── Task input ──

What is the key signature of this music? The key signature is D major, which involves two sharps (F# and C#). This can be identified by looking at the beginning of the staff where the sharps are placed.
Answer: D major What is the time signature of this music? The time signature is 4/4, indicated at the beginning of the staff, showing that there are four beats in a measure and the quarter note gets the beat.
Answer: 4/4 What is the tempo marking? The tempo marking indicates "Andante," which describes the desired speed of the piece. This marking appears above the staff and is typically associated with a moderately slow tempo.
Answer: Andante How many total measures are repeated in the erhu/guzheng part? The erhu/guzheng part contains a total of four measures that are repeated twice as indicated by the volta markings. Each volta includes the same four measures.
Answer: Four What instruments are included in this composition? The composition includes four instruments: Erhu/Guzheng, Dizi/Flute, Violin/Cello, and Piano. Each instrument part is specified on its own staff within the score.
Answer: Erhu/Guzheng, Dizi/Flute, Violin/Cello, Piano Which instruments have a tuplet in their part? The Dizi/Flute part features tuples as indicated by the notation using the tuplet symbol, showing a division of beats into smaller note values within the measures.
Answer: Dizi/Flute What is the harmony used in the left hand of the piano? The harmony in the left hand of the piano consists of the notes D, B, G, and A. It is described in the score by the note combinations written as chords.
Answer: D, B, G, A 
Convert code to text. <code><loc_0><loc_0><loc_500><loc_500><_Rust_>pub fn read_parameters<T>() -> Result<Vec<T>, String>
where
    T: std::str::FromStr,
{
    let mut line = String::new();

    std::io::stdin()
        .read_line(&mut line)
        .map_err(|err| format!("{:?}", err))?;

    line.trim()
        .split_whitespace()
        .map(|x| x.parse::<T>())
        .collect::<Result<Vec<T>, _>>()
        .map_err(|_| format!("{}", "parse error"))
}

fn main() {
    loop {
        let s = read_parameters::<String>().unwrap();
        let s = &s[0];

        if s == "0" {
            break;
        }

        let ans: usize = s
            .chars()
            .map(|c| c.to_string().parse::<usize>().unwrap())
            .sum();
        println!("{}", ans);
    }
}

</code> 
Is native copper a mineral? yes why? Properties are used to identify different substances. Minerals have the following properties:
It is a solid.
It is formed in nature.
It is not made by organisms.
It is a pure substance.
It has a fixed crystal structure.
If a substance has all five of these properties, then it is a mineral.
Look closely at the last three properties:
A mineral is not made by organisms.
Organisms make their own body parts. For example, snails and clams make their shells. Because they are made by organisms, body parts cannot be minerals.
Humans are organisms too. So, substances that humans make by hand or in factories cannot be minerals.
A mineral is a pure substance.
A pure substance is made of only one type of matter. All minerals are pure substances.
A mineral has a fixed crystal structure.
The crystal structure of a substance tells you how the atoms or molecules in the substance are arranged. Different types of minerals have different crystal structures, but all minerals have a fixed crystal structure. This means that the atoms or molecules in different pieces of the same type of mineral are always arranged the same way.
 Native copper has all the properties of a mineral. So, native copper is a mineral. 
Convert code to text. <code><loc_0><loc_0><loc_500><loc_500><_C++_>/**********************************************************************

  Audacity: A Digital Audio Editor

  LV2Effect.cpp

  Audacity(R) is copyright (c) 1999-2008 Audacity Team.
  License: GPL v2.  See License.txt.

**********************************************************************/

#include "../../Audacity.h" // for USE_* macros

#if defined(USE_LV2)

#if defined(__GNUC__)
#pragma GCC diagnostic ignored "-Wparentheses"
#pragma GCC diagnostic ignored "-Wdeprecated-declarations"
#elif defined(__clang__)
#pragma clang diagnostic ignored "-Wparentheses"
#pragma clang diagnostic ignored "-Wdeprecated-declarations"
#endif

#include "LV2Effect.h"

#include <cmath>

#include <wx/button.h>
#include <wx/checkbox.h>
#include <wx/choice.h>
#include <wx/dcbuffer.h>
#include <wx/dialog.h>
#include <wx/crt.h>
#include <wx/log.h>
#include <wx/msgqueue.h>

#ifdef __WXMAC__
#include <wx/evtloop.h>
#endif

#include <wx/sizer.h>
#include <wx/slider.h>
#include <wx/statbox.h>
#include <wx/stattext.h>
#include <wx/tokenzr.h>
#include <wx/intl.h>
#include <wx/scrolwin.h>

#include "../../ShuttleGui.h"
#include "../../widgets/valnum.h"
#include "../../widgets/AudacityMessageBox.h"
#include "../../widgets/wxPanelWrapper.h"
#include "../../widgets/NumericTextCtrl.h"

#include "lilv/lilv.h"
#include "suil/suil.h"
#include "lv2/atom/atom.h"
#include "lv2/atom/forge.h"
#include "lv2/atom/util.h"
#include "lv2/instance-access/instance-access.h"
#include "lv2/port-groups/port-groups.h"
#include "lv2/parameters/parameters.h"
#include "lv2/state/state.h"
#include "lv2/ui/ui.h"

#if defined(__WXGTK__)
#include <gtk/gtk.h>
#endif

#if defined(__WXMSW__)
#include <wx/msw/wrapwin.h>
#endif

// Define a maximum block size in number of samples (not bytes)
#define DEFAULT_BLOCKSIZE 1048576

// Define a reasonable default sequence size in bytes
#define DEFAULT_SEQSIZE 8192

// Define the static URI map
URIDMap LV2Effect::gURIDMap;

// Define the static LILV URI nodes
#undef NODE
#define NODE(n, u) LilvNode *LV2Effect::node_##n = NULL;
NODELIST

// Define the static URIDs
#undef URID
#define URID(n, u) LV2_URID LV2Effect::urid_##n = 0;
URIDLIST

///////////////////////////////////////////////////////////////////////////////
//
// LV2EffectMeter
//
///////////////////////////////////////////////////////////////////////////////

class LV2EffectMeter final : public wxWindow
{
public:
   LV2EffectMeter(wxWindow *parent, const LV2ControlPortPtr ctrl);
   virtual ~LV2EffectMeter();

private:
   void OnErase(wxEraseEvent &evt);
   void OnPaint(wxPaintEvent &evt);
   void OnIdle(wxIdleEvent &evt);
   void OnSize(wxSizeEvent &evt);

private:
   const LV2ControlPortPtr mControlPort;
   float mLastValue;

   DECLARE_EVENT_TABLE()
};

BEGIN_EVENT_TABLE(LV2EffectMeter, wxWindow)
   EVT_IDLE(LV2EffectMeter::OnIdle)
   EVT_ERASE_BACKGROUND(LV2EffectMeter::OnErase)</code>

───

*Description of the task*.
For the material above, reproduce exactly the lines from the line with "#if defined(USE_LV2)" to the line with "#include <wx/dialog.h>", inclusive, and exclude all others.

*Answer to this task*.
#if defined(USE_LV2)

#if defined(__GNUC__)
#pragma GCC diagnostic ignored "-Wparentheses"
#pragma GCC diagnostic ignored "-Wdeprecated-declarations"
#elif defined(__clang__)
#pragma clang diagnostic ignored "-Wparentheses"
#pragma clang diagnostic ignored "-Wdeprecated-declarations"
#endif

#include "LV2Effect.h"

#include <cmath>

#include <wx/button.h>
#include <wx/checkbox.h>
#include <wx/choice.h>
#include <wx/dcbuffer.h>
#include <wx/dialog.h>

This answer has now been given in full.